Joly (1891), who studied the ruthenium compounds in greater detail, showed that the easily-formed KRuO4 gives RuKO4RuO3 when ignited, but it resembles KMnO4 in many respects. In general, Ru has much in common with Mn. Joly (1889) also showed that if KNO3 be added to a solution of RuCl3 containing HCl, the solution becomes hot, and a salt, RuCl3NO2KCl, is formed, which enters into double decomposition and is very stable. Moreover, if RuCl3 be treated with an excess of nitric acid, it forms a salt, RuCl3NOH2O, after being heated (to boiling) and the addition of HCl. The vapour density of RuO4, determined by Debray and Joly, corresponds to that formula.

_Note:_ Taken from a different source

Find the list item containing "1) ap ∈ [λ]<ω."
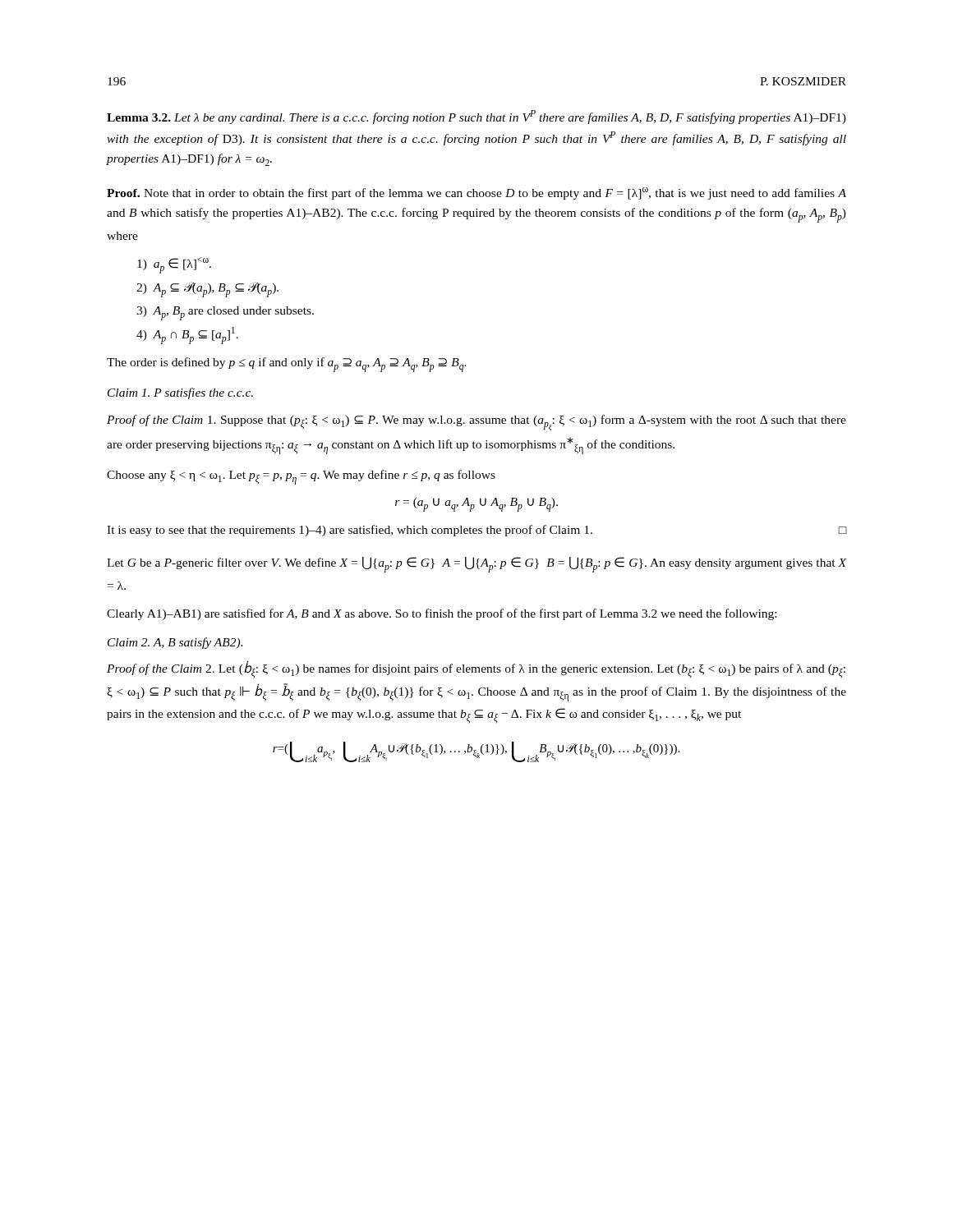Viewport: 953px width, 1232px height. (x=174, y=264)
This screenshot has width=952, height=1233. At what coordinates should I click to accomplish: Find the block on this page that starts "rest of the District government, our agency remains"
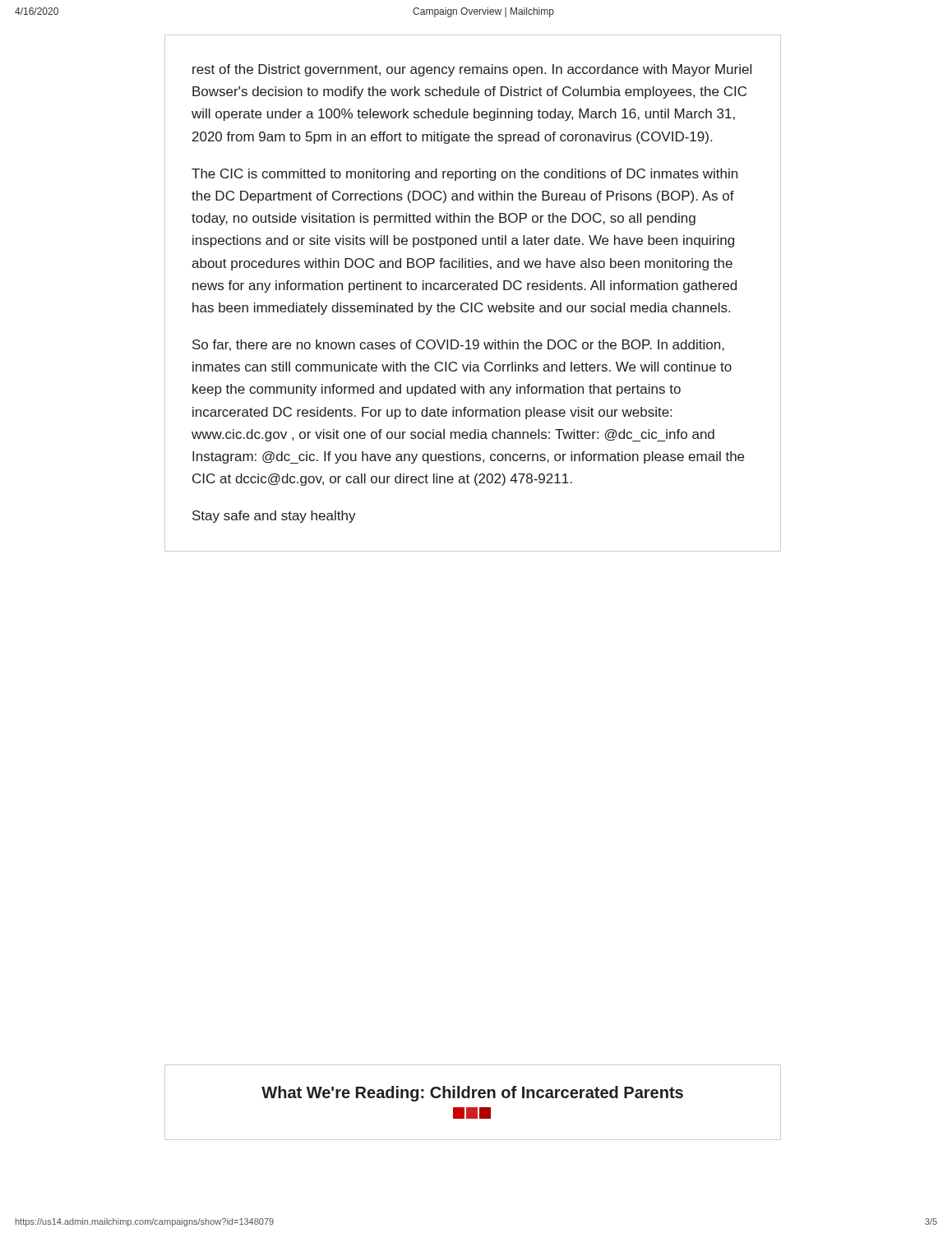(472, 103)

[10] Although palladium gives the same types of combination (with chlorine) as platinum, its reduction to RX2 is incomparably easier than that of platinic chloride, and in the case of iridium it is also very easy. Iridic chloride, IrCl4, acts as an oxidising agent, readily parts with a fourth of its chlorine to a number of substances, readily evolves chlorine when heated, and it is only at low temperatures that chlorine and aqua regia convert iridium into iridic chloride. In disengaging chlorine iridium more often and easily gives the very stable iridious chloride, IrCl3 (perhaps this substance is Ir2Cl6 = IrCl2,IrCl4, insoluble in water, but soluble in potassium chloride, because it forms the double salt K3IrCl6), than the dichloride, IrCl_2. This compound, corresponding to IrX2, is very stable, and corresponds with the basic oxide, Ir2O3, resembling the oxides Fe2O3, Co2O3. To this form there correspond ammoniacal compounds similar to those given by cobaltic oxide. Although iridium also gives an acid in the form of the salt K2Ir2O7, it does not, like iron (and chromium), form the corresponding chloride, IrCl6. In general, in this as in the other elements, it is impossible to predict the chlorine compounds from those of oxygen. Just as there is no chloride SCl6, but only SCl2, so also, although IrO3 exists, IrCl6 is wanting, the only chloride being IrCl4, and this is unstable, like SCl2, and easily parts with its chlorine. In this respect rhodium is very much like iridium (as platinum is like palladium). For RhCl4 decomposes with extreme ease, whilst rhodium chloride, RhCl3, is very stable, like many of the salts of the type RhX3, although like the platinum elements these salts are easily reduced to metal by the action of heat and powerful reagents. There is as close a resemblance between osmium and ruthenium. Osmium when submitted to the action of dry chlorine gives osmic chloride, OsCl4, but the latter is converted by water (as is osmium by moist chlorine) into osmic anhydride, although the greater portion is then decomposed into Os(HO)4 and 4HCl, like a chloranhydride of an acid. In general this acid character is more developed in osmium than in platinum and iridium. Having parted with chlorine, osmic chloride, OsCl4, gives the unstable trichloride, OsCl3, and the stable soluble dichloride, OsCl2, which corresponds with platinous chloride in its properties and reactions. The relation of ruthenium to the halogens is of the same nature.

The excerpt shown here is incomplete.